Streptomycetes, these non-motile Actinobacteria that are capable of mycelial growth much like fungi, are quite inventive when it comes to the distribution of their spores. They don't just rely on enchanting scents like geosmin that they emit to attract springtails, which transport their spores over long distances (see Roberto's recent post). They also routinely employ bacterial transport workers with which they share their habitat in the soil, for example Bacillus subtilis. In a fresh preprint, Alise Muok, Dennis Claessen and Ariane Briegel from Leiden University, The Netherlands, describe how this "transport company" works. Spoiler: it works remarkably well since swarming B. subtilis cells, "swimming" in low-concentration agar on plates by flagellar movement, can drag Streptomyces coelicolor spores over distances of ~10 cm (a limit given by the diameter of the Petri dishes used.)
Unintentional "distribution" of spores on a Petri dish with culture medium is a constant annoyance for every microbiologist − who hasn't seen these suspicious spiralling "running tracks" of small insects on plates after a few days of incubation at room temperature? All kidding aside, Muok et al. took care to determine the direction in which dispersal of S. spores by co-inoculated B. subtilis occurred: always in the direction of movement of the swarming bacilli after passing the Streptomyces colony (Figure 1).

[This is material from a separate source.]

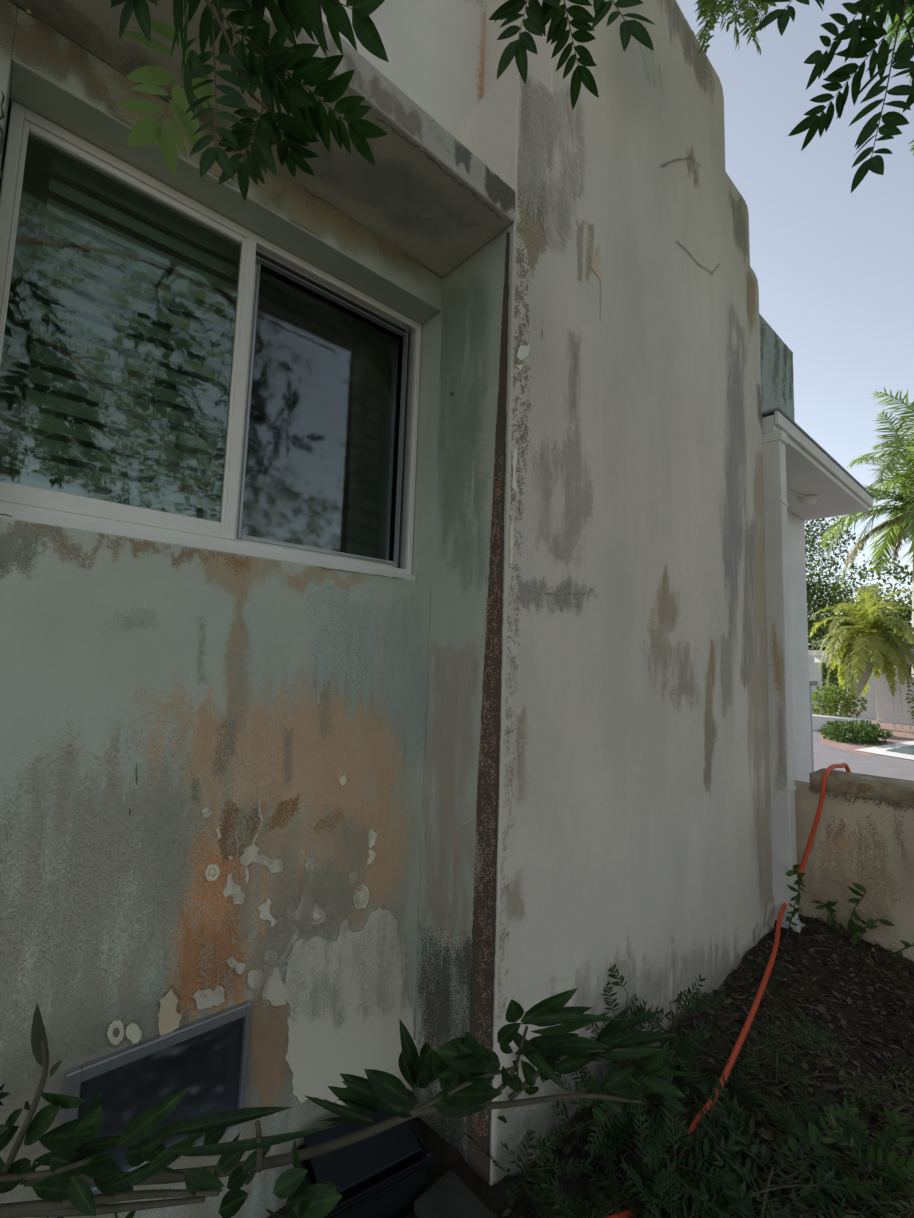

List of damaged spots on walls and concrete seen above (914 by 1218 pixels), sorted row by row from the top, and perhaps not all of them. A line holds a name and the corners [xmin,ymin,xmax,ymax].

How on earth can B. subtilis transport a Streptomyces spore that has approximately its own weight? B. subtilis' situation is largely comparable to that of a prison inmate who is prevented from running away by ball and chain-type shackles. If he takes the ball with his hands close to his body, he might succeed, right? And indeed, Muok et al. found by microscopy that the Streptomyces spores are preferentially found near the flagellated pole of B. subtilis cells (Figure 2 A+B) and attached to flagella (Figure 2 C). "Running away" for B. subtilis means propelling with its flagellum, and this may actually work quite well: Schuech et al. (2019) calculated that the efficiency of bacterial swimming is largely independent of cell shape but requires that the center of mass is in an optimal distance to the rotational axis, the membrane-anchored flagellar motor, and depends on flagellum length in addition (see here a stunning simulation of a "bacterial race".)

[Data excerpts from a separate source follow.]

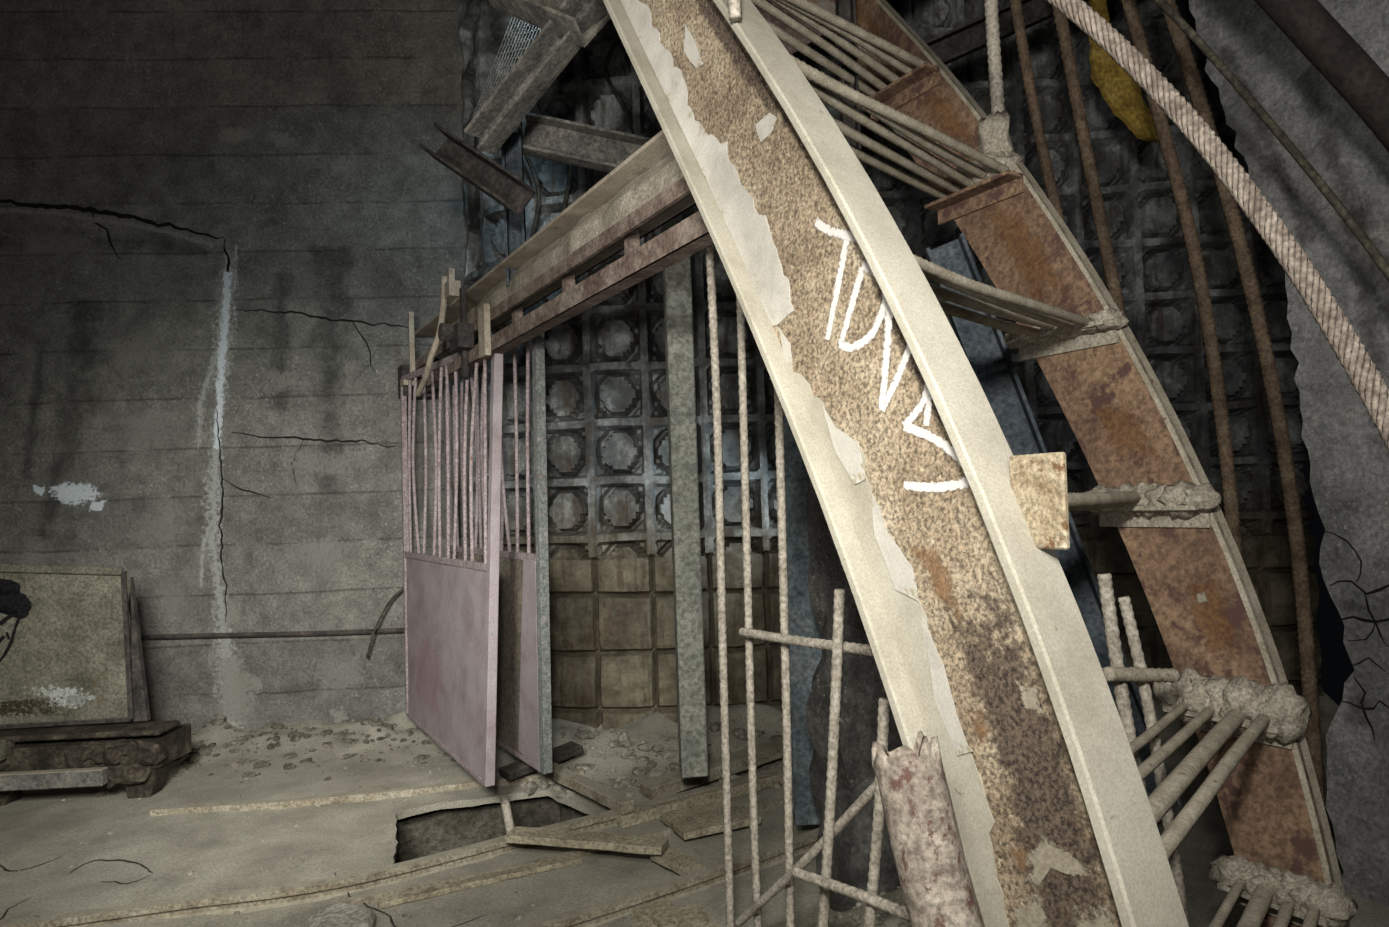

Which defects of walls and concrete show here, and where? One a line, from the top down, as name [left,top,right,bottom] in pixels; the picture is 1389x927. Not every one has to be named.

corrosion [696,0,786,125]
crack [0,199,417,373]
leakage [194,245,245,728]
peeling [620,0,1090,927]
corrosion [891,316,943,427]
spalling [395,796,589,863]
corrosion [915,549,1111,927]
crack [1321,530,1389,740]

How do Streptomyces spores "stick" to B. subtilis flagella? The spores possess, in addition to a tight-fitting coat, a proteinaceous onesie as outmost layer that is better described as a loose goretex poncho as it is easily disrupted during preparation of the spores for cryo-ET. This poncho, termed rodlet layer, is a fibrillar meshwork of oligomerized rodlin and chaplin proteins (Figure 3). The hydrophobic rodlin proteins oligomerize to form the namegiving rodlets, while the chaplins are thought to link such rodlets to pairs.
It is not known exactly how the rodlin oligomers "recognize" a B. subtilis flagellum but it is certainly not a highly specific protein-protein interaction. For one, Muok et al. found that the spores of other Streptomyces species, including S. tendae, S. griseus, and S. scabies, are similarly dragged across plates by B. subtilis in swarm assays despite their orthologous rodlin proteins being only ~35% similar but having much the same "slit width" of rodlet pairs of ~20 nm. Interestingly, spores of Streptomyces avermitilis that naturally lack rodlin are not transported by B. subtilis, comparable to those of a S. coelicolor ΔrdlAB mutant lacking rodlets. Second, Pseudomonas fluorescens transports Streptomyces spores via their flagella as efficiently as B. subtilis. And lastly, rodlin and chaplin homologs are not confined to bacteria but likewise found in − better: on − spores of several Ascomycetes (Fungi). I can imagine, but not prove, that the molecular interaction of the bacterial flagellum with the Streptomyces spore "poncho" is similar to protein velcro, that is, based on van der Waals forces (in short: 'hydrophobic' molecular interactions not involving ions or water) that are now known to be the reason why geckos can easily walk on smooth surfaces and upside down on ceilings.
While studying the report of Muok et al., the joy they must have had while performing swarming assays with S. coelicolor and B. subtilis resonated with me, and, no, this was not due to traces of geosmin (the preprint is Open Access.) You can sense this joy also in a STC post from 2011 by Elio, in which he describes experiments with swarming bacteria, Proteus, he had performed together with his collaborator Dana Boyd, and where he also features the exciting work of Inghama et al. (2011), who had studied the transport of Aspergillus fumigatus (Ascomycetes) spores by Paenibacillus vortex, a motile Firmicutes bacterium like B. subtilis.